Pressdee comments that traditional butchers can be found in Ceredigion that produce dry-salted Welsh bacon and gammon from locally produced pork. The meat is considered to be generally of good value and widely available. He notes that the least expensive cut of pork is 'cig moch', or belly pork. Each farmhouse would traditionally cure its own bacon and the crackling from the belly, if cooked until crisp, was considered to be the most succulent part of a joint.

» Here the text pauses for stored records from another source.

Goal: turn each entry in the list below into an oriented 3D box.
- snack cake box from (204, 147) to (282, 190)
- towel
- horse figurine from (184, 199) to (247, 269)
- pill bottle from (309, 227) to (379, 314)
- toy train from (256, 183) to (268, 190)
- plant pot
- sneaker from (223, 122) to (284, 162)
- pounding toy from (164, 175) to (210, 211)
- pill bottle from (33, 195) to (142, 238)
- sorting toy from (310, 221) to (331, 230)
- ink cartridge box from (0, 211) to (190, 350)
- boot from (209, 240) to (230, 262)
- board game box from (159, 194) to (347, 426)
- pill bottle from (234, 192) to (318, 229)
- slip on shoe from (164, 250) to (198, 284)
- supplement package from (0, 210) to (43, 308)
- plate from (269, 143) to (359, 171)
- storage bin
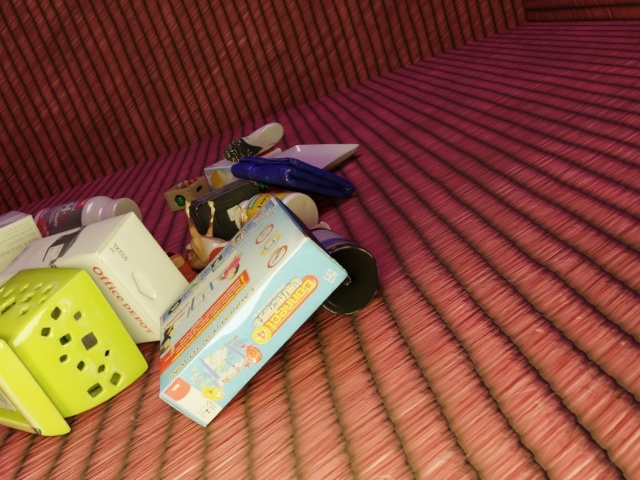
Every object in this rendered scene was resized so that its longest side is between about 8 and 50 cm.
[{"bbox_3d":[-0.262,-0.245,2.287,0.264,0.089,0.152,2,27,46],"label":"snack cake box"},{"bbox_3d":[-0.077,-0.176,1.779,0.227,0.076,0.308,10,3,-35],"label":"towel"},{"bbox_3d":[-0.227,0.000,1.528,0.263,0.175,0.066,8,13,29],"label":"horse figurine"},{"bbox_3d":[0.011,0.045,1.179,0.122,0.123,0.219,-25,18,-13],"label":"pill bottle"},{"bbox_3d":[-0.181,-0.181,2.133,0.083,0.024,0.017,-21,19,-6],"label":"toy train"},{"bbox_3d":[-0.475,0.195,1.120,0.228,0.227,0.207,-4,31,39],"label":"plant pot"},{"bbox_3d":[-0.226,-0.323,2.230,0.237,0.085,0.086,-32,-4,-25],"label":"sneaker"},{"bbox_3d":[-0.460,-0.169,2.258,0.130,0.100,0.141,-11,21,25],"label":"pounding toy"},{"bbox_3d":[-0.720,-0.042,2.050,0.318,0.176,0.176,-9,22,23],"label":"pill bottle"},{"bbox_3d":[0.000,0.000,1.444,0.083,0.045,0.075,-32,30,-31],"label":"sorting toy"},{"bbox_3d":[-0.434,0.091,1.283,0.307,0.223,0.129,-12,35,31],"label":"ink cartridge box"},{"bbox_3d":[-0.210,0.083,1.360,0.176,0.088,0.244,-32,26,-27],"label":"boot"},{"bbox_3d":[-0.125,0.092,1.058,0.308,0.086,0.302,-47,20,3],"label":"board game box"},{"bbox_3d":[-0.113,-0.056,1.584,0.117,0.118,0.208,-34,23,-35],"label":"pill bottle"},{"bbox_3d":[-0.394,0.065,1.563,0.123,0.101,0.331,-33,22,-29],"label":"slip on shoe"},{"bbox_3d":[-0.756,0.091,1.597,0.199,0.263,0.198,-32,23,-29],"label":"supplement package"},{"bbox_3d":[-0.055,-0.242,2.107,0.277,0.045,0.278,7,31,38],"label":"plate"},{"bbox_3d":[-0.248,-0.077,1.767,0.180,0.122,0.084,-27,20,-19],"label":"storage bin"}]

Sheila Barry recounts the keeping of pigs on Penrallt Farm, Llangranog shortly after World War II. The pigs would be killed during cold weather to keep the meat fresh. Barry recounts that the farm would kill two pigs a year with the first pig being killed in November, or the first week of December. If the pig was killed later than this then the task would overlap with the work of preparing poultry for the Christmas market. The second pig would be killed in early March. The fat from the pig would be rendered into lard which was clarified and stored in large, glazed earthenware jars for use in pastry and for roasting. Barry comments that the lard would keep for years, if covered and stored in a cool dairy. However, the lean meat would need to be eaten within ten days and the custom would be to give packs of meat to neighbours who would reciprocate when their pig was killed. The offal would be used to make brawn and faggots. After being hung for three days the rest of the pig would be cut into sections and salted to make bacon, with the salt being rubbed into the flesh twice a day for three or four weeks. Each bacon joint was then wrapped in fine muslin and hung from hooks in the ceiling of the living room to mature. Barry recalls that the practice ceased on the farm around 1953 as farms became more commercialised.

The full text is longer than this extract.